#### PROBLEM REQUIREMENTS
Within the listing below, give again exactly the lines between the one containing "Task: Locate the text" and the one containing "This screenshot has height=1232, width=953.", inclusive, pictures left aside.

#### SUPPLIED ENTRIES

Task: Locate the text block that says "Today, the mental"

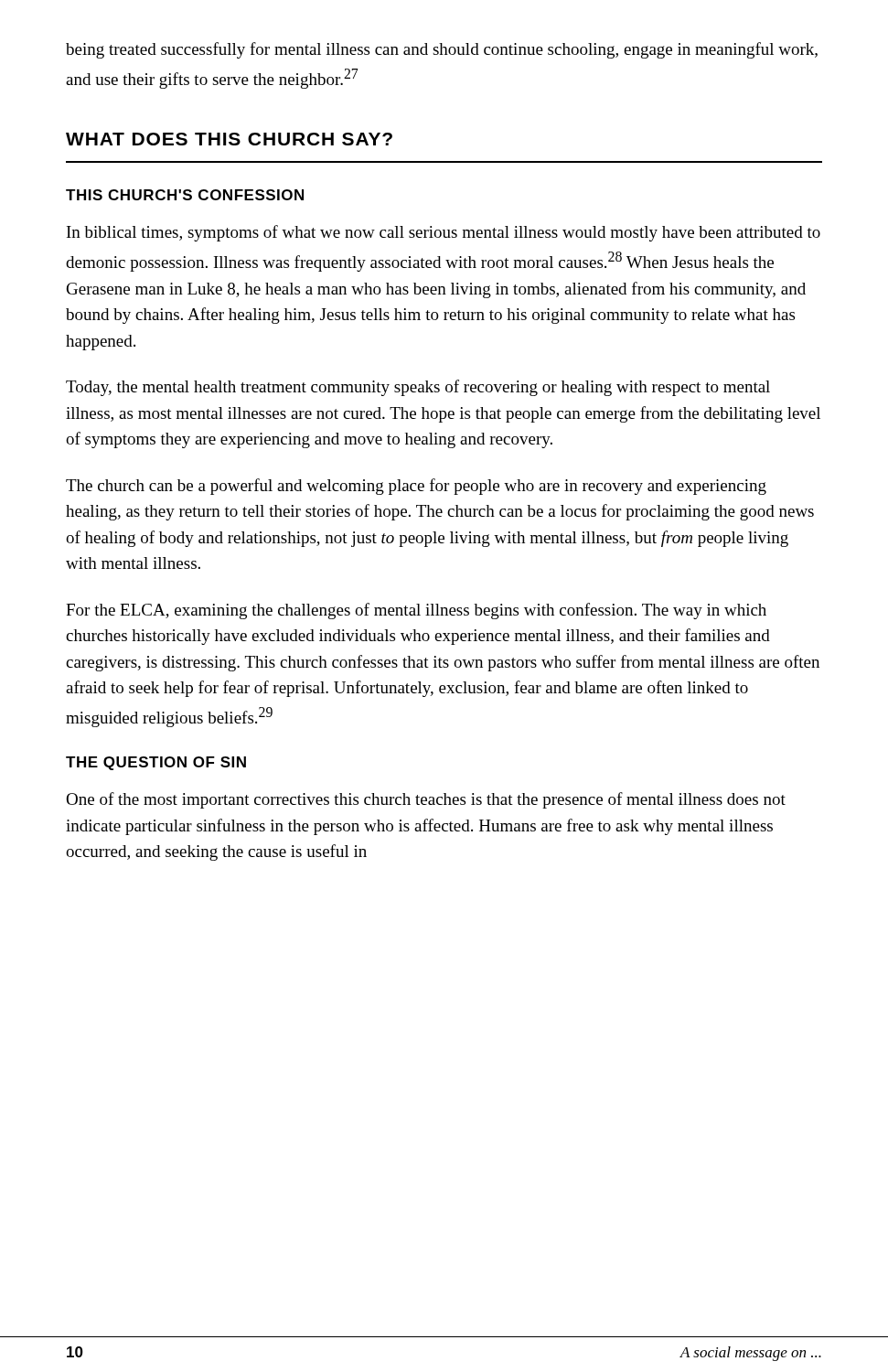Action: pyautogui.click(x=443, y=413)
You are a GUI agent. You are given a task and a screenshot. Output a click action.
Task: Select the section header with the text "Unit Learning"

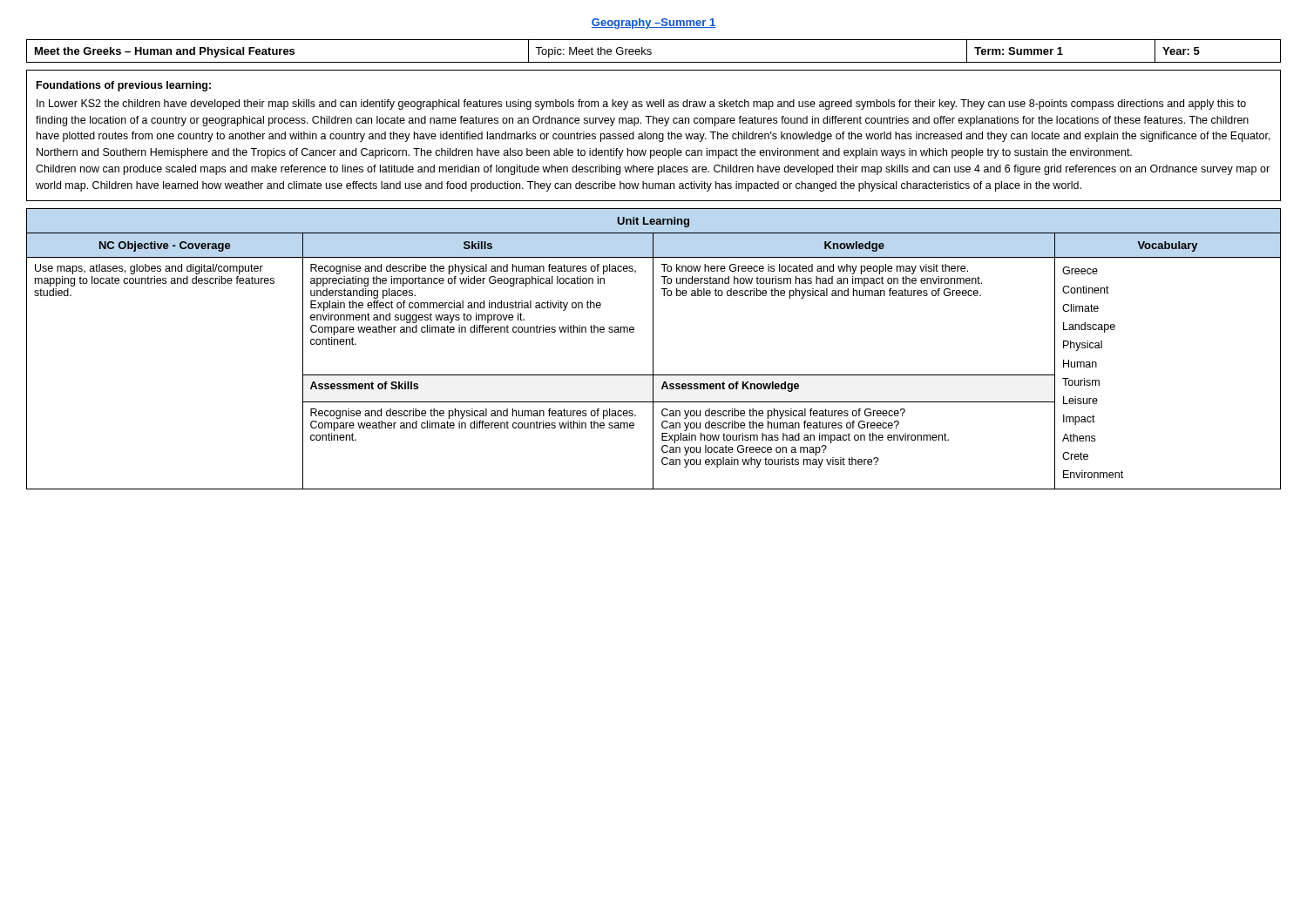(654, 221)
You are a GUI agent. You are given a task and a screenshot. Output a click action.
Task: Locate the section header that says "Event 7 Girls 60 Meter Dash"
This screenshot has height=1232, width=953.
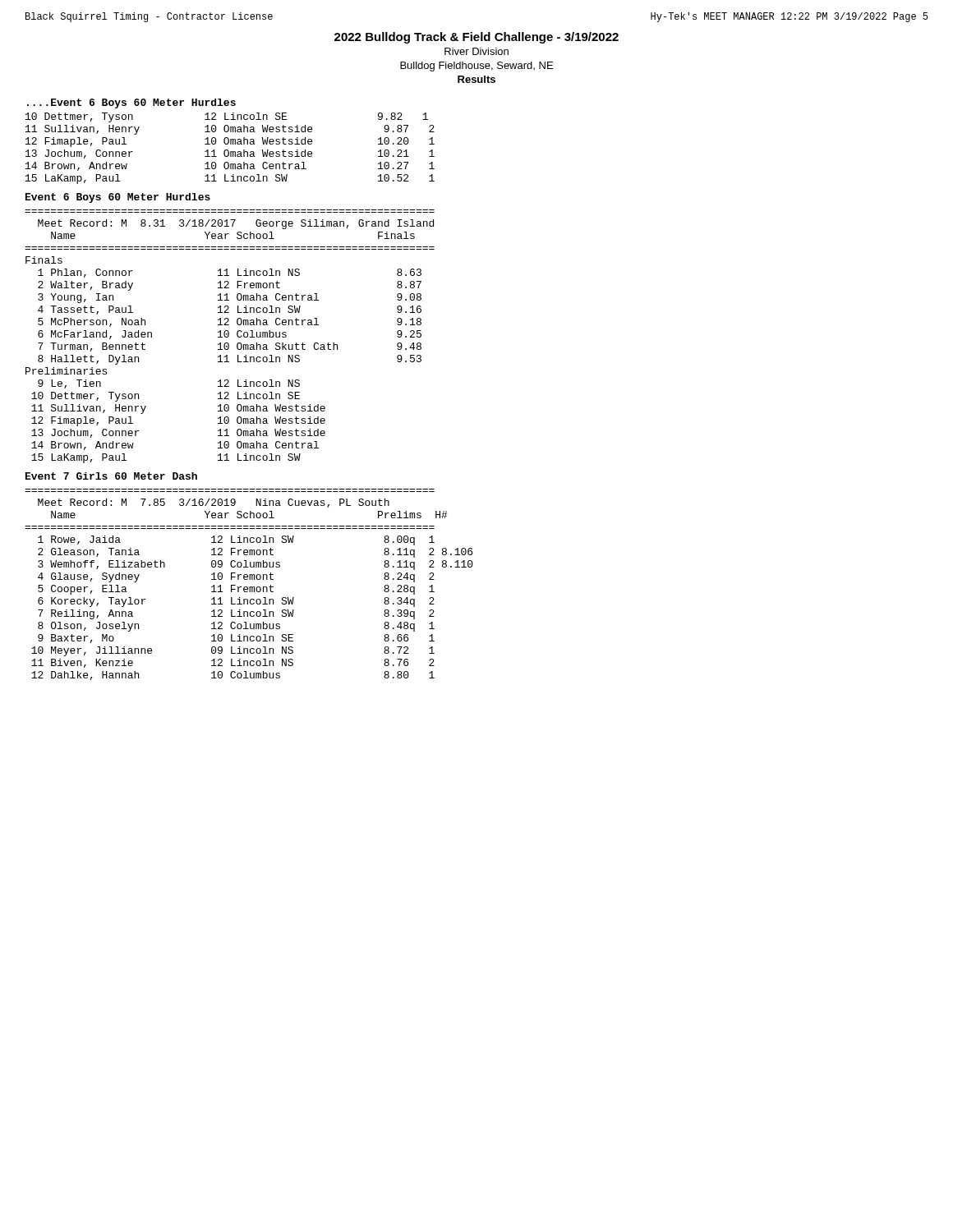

--

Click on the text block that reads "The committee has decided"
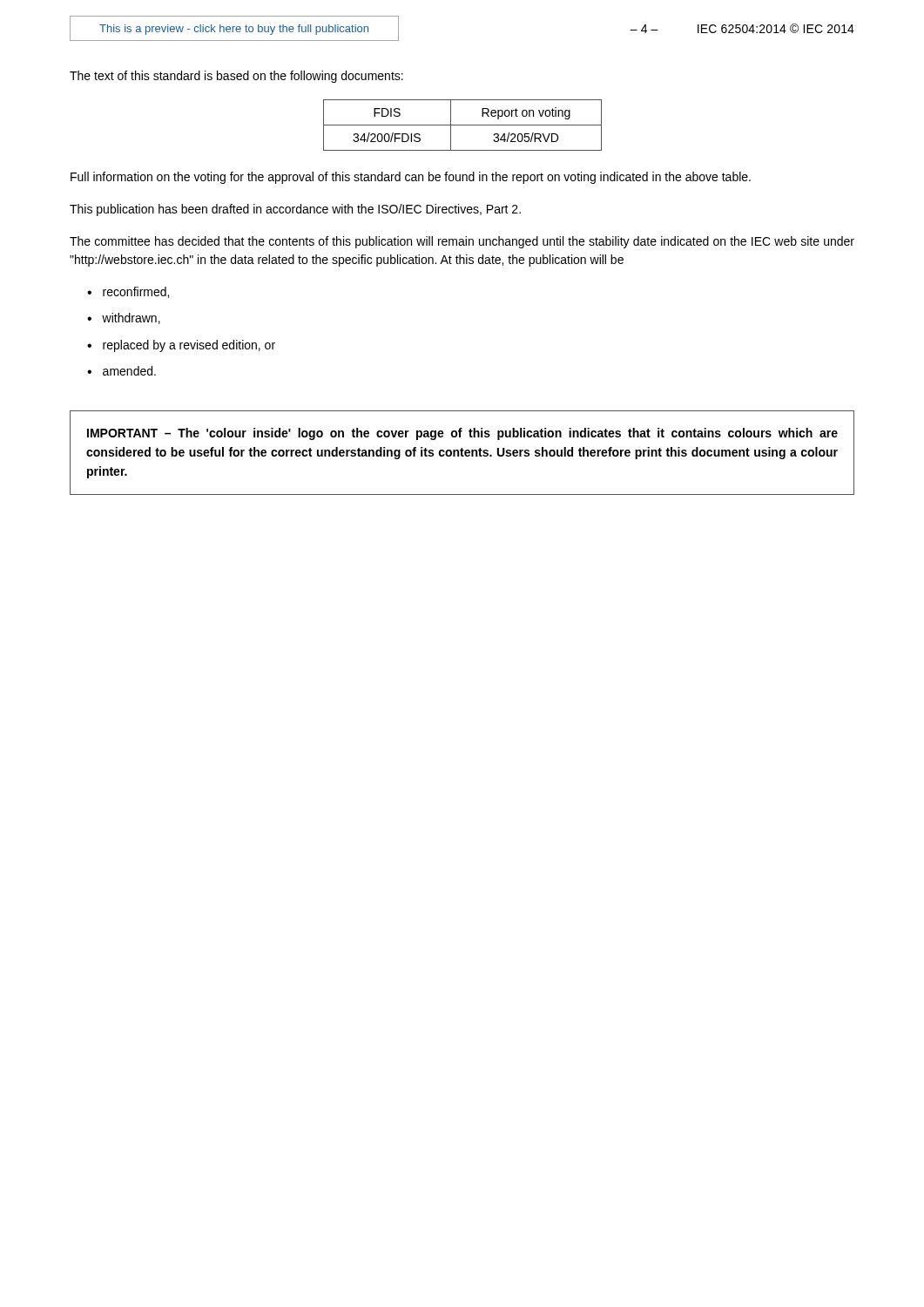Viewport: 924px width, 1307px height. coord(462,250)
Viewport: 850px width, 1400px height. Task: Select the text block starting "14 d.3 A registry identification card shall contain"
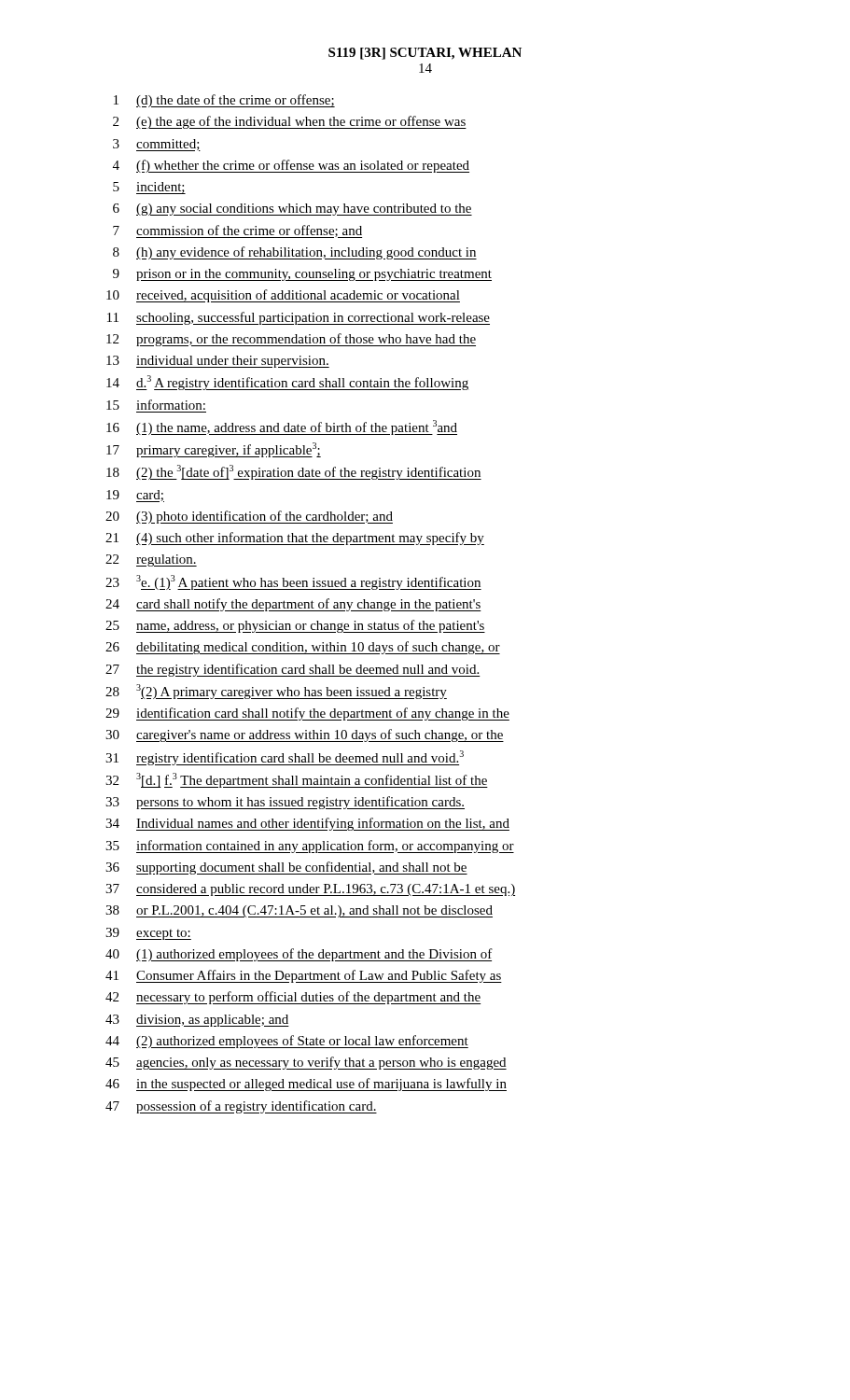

#### RESPONSE TO THIS TASK
Task: Locate the text block that says "Today, the mental"

Action: pyautogui.click(x=443, y=413)
You are a GUI agent. You are given a task and a screenshot. Output a click action.
Task: Select the section header with the text "Unit Learning"

(654, 221)
You are a GUI agent. You are given a task and a screenshot. Output a click action.
Task: Locate the section header that says "Event 7 Girls 60 Meter Dash"
This screenshot has height=1232, width=953.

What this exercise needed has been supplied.